Prior to joining Chime, Claire was Head of Corporate Communications for The BUPA Group, where she ran a 24 hour PR service and was responsible for increasing press coverage by 800% in three years (thus moving its favourability from number four among its peers to the number one slot). Prior to BUPA she ran her own consultancy, which floated on NASDAQ in 1998.

Dr Paul Davies

Dr Paul Davies

Risk Management, Lloyd’s Register

Paul is the Global Business Manager for Risk Management Services at Lloyd’s Register, a non-profit distributing organisation whose mission is to enhance the safety of life and property at sea, on land and in the air. He has over 20 years experience in helping industry and regulators evaluate and communicate risks to workers and the public. This has covered risks associated with offshore platforms, refineries, pipelines, railways, chemical plants, quarries, and aircraft.
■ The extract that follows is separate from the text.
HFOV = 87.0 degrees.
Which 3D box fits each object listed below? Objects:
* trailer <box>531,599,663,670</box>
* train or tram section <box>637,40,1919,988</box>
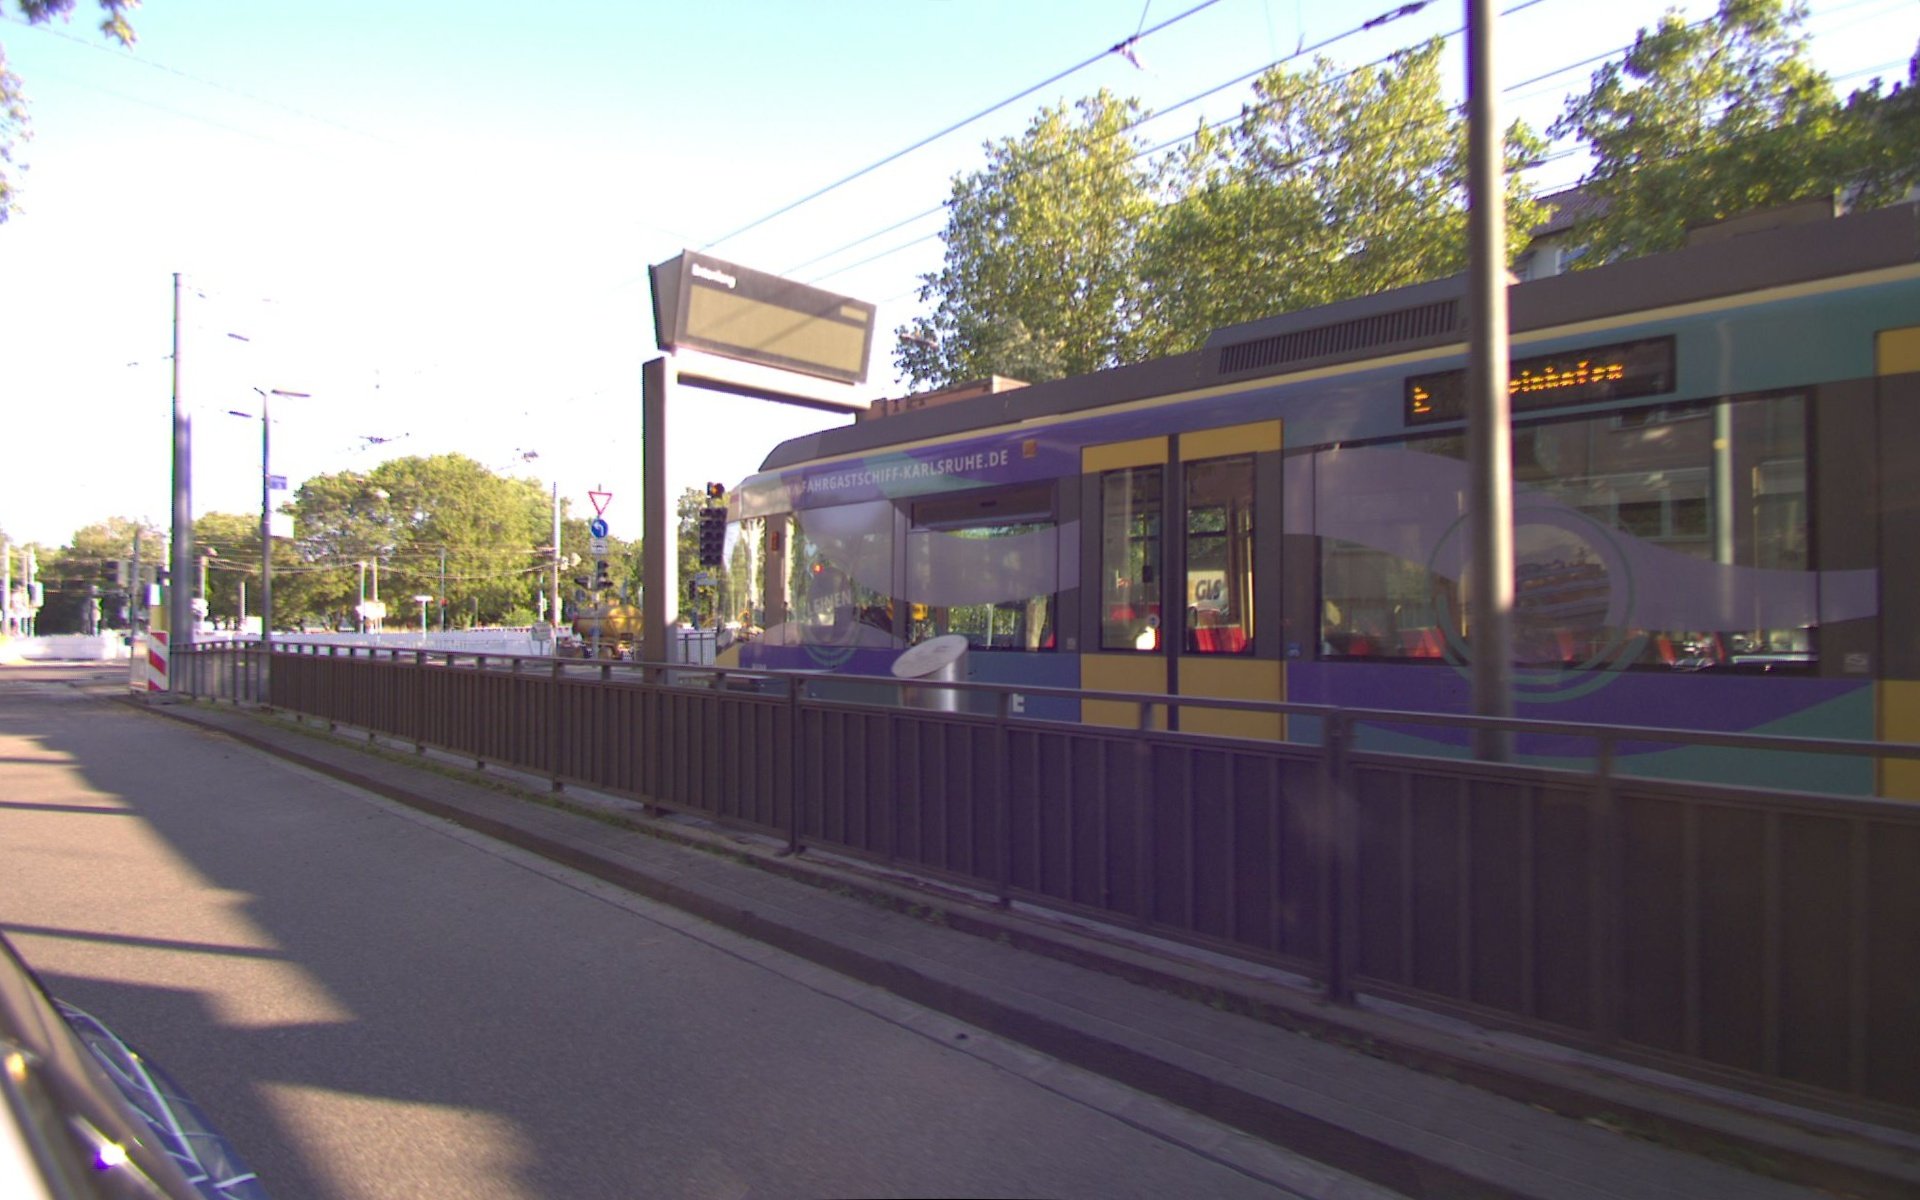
[{"bbox_3d":[-11.692,1.047,32.503,4.339,2.131,1.975,0,-1,37],"label":"trailer"},{"bbox_3d":[2.281,-0.253,7.095,13.402,3.560,2.817,-2,-2,45],"label":"train or tram section"}]

Paul began his career in ‘risk’ by determining the risks to the public from the transport of munitions for the Ministry of Defence. This was undertaken during his research tenure at Loughborough University where he was awarded his doctorate in quantitative risk assessment. His many other projects have included setting risk-based public safety zones around airports, advising on land-use around major industrial hazards and providing evidence for public inquiries and appeals. Paul lists his assistance following Europe’s largest peacetime fire at Buncefield fuel depot in December 2005 as one of his most testing - helping the operator, regulator and police enter and retrieve evidence from the damaged control room, and the unloading of flammables from damaged storage tanks.

Currently, by invite of the Health & Safety Executive, Paul is advising government on societal risks around non-nuclear major hazard installations. He is also developing a new website for sharing the views of leading experts on major hazard risks, and he continues to add to his many publications and presentations on risk-related matters.